┏━━

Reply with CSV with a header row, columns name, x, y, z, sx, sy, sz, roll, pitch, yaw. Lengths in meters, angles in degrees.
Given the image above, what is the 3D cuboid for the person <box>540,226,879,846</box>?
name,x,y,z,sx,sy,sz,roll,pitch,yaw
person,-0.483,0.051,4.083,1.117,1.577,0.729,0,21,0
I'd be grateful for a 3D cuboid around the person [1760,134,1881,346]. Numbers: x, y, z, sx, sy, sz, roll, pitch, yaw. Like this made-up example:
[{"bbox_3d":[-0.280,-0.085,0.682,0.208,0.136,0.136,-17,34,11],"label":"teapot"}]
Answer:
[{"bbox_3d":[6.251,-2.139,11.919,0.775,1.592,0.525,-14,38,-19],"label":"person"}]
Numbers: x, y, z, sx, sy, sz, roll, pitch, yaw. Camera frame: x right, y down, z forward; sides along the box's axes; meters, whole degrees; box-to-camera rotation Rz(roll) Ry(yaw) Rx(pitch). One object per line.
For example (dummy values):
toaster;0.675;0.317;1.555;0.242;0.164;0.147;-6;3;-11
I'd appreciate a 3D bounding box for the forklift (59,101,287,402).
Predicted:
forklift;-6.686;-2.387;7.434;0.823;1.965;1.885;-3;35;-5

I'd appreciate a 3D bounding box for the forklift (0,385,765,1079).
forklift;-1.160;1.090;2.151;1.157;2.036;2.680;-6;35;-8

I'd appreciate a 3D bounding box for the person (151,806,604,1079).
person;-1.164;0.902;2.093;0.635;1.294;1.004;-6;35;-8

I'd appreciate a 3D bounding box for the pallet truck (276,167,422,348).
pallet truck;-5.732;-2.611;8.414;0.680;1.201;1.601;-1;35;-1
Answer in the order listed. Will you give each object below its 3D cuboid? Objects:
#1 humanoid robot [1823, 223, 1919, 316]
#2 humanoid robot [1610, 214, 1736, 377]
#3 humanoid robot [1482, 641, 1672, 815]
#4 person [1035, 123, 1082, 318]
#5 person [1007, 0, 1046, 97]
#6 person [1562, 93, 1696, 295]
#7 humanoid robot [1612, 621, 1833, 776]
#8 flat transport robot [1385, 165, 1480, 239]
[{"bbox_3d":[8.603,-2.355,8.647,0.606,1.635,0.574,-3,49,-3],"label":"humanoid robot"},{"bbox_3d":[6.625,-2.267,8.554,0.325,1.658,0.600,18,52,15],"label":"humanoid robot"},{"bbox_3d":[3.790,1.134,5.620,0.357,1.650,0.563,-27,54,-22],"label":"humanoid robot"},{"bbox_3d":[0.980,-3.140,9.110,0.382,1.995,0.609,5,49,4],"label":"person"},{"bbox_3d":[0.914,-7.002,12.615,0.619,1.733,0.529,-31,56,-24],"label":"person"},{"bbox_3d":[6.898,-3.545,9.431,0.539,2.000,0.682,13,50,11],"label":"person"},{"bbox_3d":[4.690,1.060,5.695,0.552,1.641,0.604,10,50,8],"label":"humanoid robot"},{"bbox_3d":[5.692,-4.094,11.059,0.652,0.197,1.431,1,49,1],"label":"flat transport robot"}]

┗━━

= Activity =
Recopy the entries above exactly, with every line included.

= Completed task =
Reply with CSV with a header row, columns name, x, y, z, sx, sy, sz, roll, pitch, yaw. Lengths in meters, angles in degrees.
Given the image above, what is the 3D cuboid for the person <box>540,226,879,846</box>?
name,x,y,z,sx,sy,sz,roll,pitch,yaw
person,-0.483,0.051,4.083,1.117,1.577,0.729,0,21,0
I'd be grateful for a 3D cuboid around the person [1760,134,1881,346]. Numbers: x, y, z, sx, sy, sz, roll, pitch, yaw. Like this made-up example:
[{"bbox_3d":[-0.280,-0.085,0.682,0.208,0.136,0.136,-17,34,11],"label":"teapot"}]
Answer:
[{"bbox_3d":[6.251,-2.139,11.919,0.775,1.592,0.525,-14,38,-19],"label":"person"}]
Numbers: x, y, z, sx, sy, sz, roll, pitch, yaw. Camera frame: x right, y down, z forward; sides along the box's axes; meters, whole degrees; box-to-camera rotation Rz(roll) Ry(yaw) Rx(pitch). One object per line.
For example (dummy values):
toaster;0.675;0.317;1.555;0.242;0.164;0.147;-6;3;-11
I'd appreciate a 3D bounding box for the forklift (59,101,287,402).
Predicted:
forklift;-6.686;-2.387;7.434;0.823;1.965;1.885;-3;35;-5

I'd appreciate a 3D bounding box for the forklift (0,385,765,1079).
forklift;-1.160;1.090;2.151;1.157;2.036;2.680;-6;35;-8

I'd appreciate a 3D bounding box for the person (151,806,604,1079).
person;-1.164;0.902;2.093;0.635;1.294;1.004;-6;35;-8

I'd appreciate a 3D bounding box for the pallet truck (276,167,422,348).
pallet truck;-5.732;-2.611;8.414;0.680;1.201;1.601;-1;35;-1
Answer in the order listed. Will you give each object below its 3D cuboid? Objects:
#1 humanoid robot [1823, 223, 1919, 316]
#2 humanoid robot [1610, 214, 1736, 377]
#3 humanoid robot [1482, 641, 1672, 815]
#4 person [1035, 123, 1082, 318]
#5 person [1007, 0, 1046, 97]
#6 person [1562, 93, 1696, 295]
#7 humanoid robot [1612, 621, 1833, 776]
#8 flat transport robot [1385, 165, 1480, 239]
[{"bbox_3d":[8.603,-2.355,8.647,0.606,1.635,0.574,-3,49,-3],"label":"humanoid robot"},{"bbox_3d":[6.625,-2.267,8.554,0.325,1.658,0.600,18,52,15],"label":"humanoid robot"},{"bbox_3d":[3.790,1.134,5.620,0.357,1.650,0.563,-27,54,-22],"label":"humanoid robot"},{"bbox_3d":[0.980,-3.140,9.110,0.382,1.995,0.609,5,49,4],"label":"person"},{"bbox_3d":[0.914,-7.002,12.615,0.619,1.733,0.529,-31,56,-24],"label":"person"},{"bbox_3d":[6.898,-3.545,9.431,0.539,2.000,0.682,13,50,11],"label":"person"},{"bbox_3d":[4.690,1.060,5.695,0.552,1.641,0.604,10,50,8],"label":"humanoid robot"},{"bbox_3d":[5.692,-4.094,11.059,0.652,0.197,1.431,1,49,1],"label":"flat transport robot"}]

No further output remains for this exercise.